These benchmark results are nearly as fast as those obtained with the random dataset: 6.4 requests per second, and 7243 tokens per second. By default, vLLM benchmarks use the completions API, so what’s really being measured is token generation: 1024 tokens per request.

With this query, the --hf-output-len 1024 argument plays the same role as the --random-output-len with the queries above: the model is asked to produce this many tokens in response to each query. Removing the --hf-output-len 1024 directive allows the model to generate different numbers of tokens for each request, but it does not enable the model to continue thinking until it gets to an answer.
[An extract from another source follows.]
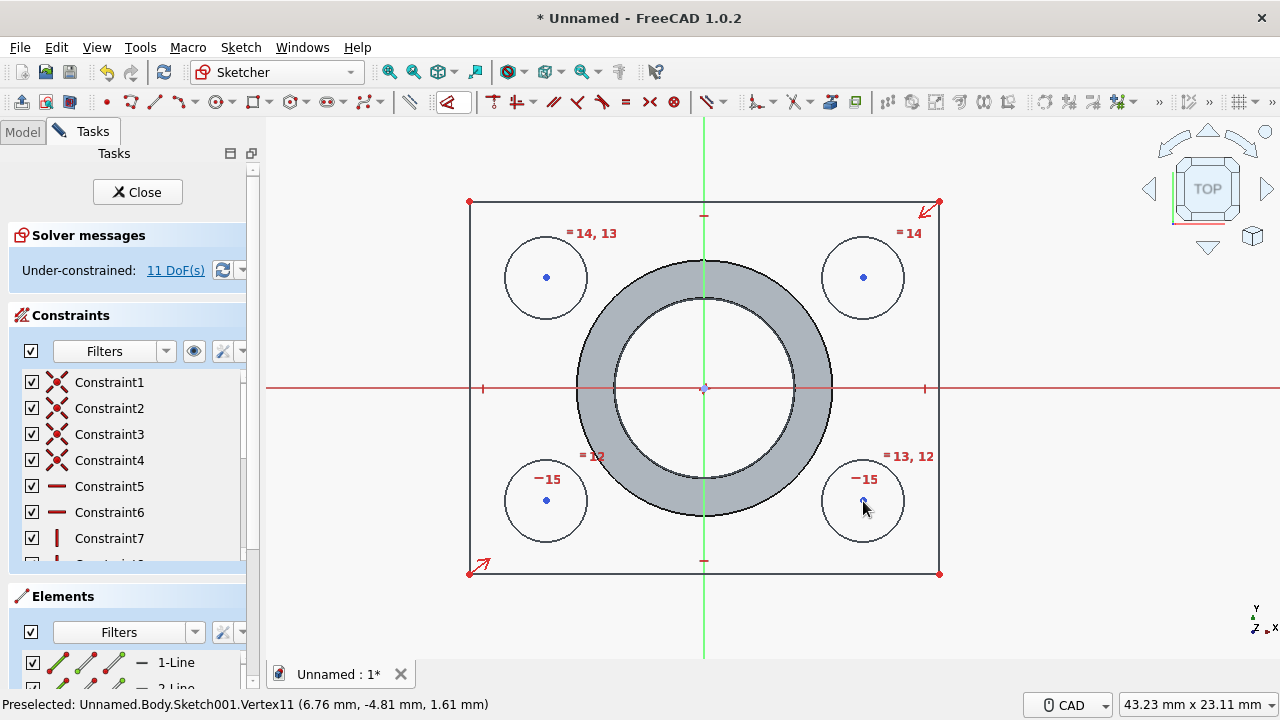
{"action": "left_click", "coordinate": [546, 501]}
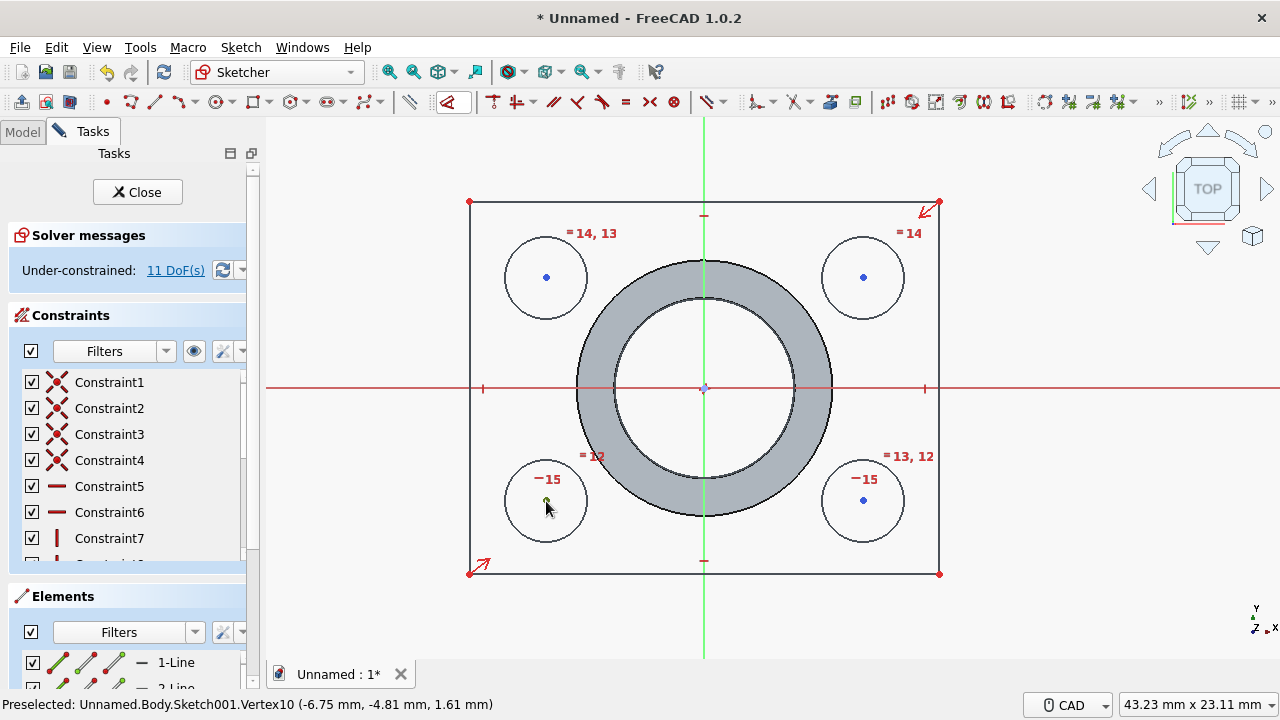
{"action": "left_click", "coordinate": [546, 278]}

Instead, the VLLM dataset loading code in datasets.py uses the official solution to the problem in the AI-MO dataset to set the target number of tokens to generate. This considerably underestimates the number of tokens the model will need along the way. As for most human mathematicians, the number of pages needed for rough work is often much greater than the pages needed to write up a solution or proof in its final form for presentation.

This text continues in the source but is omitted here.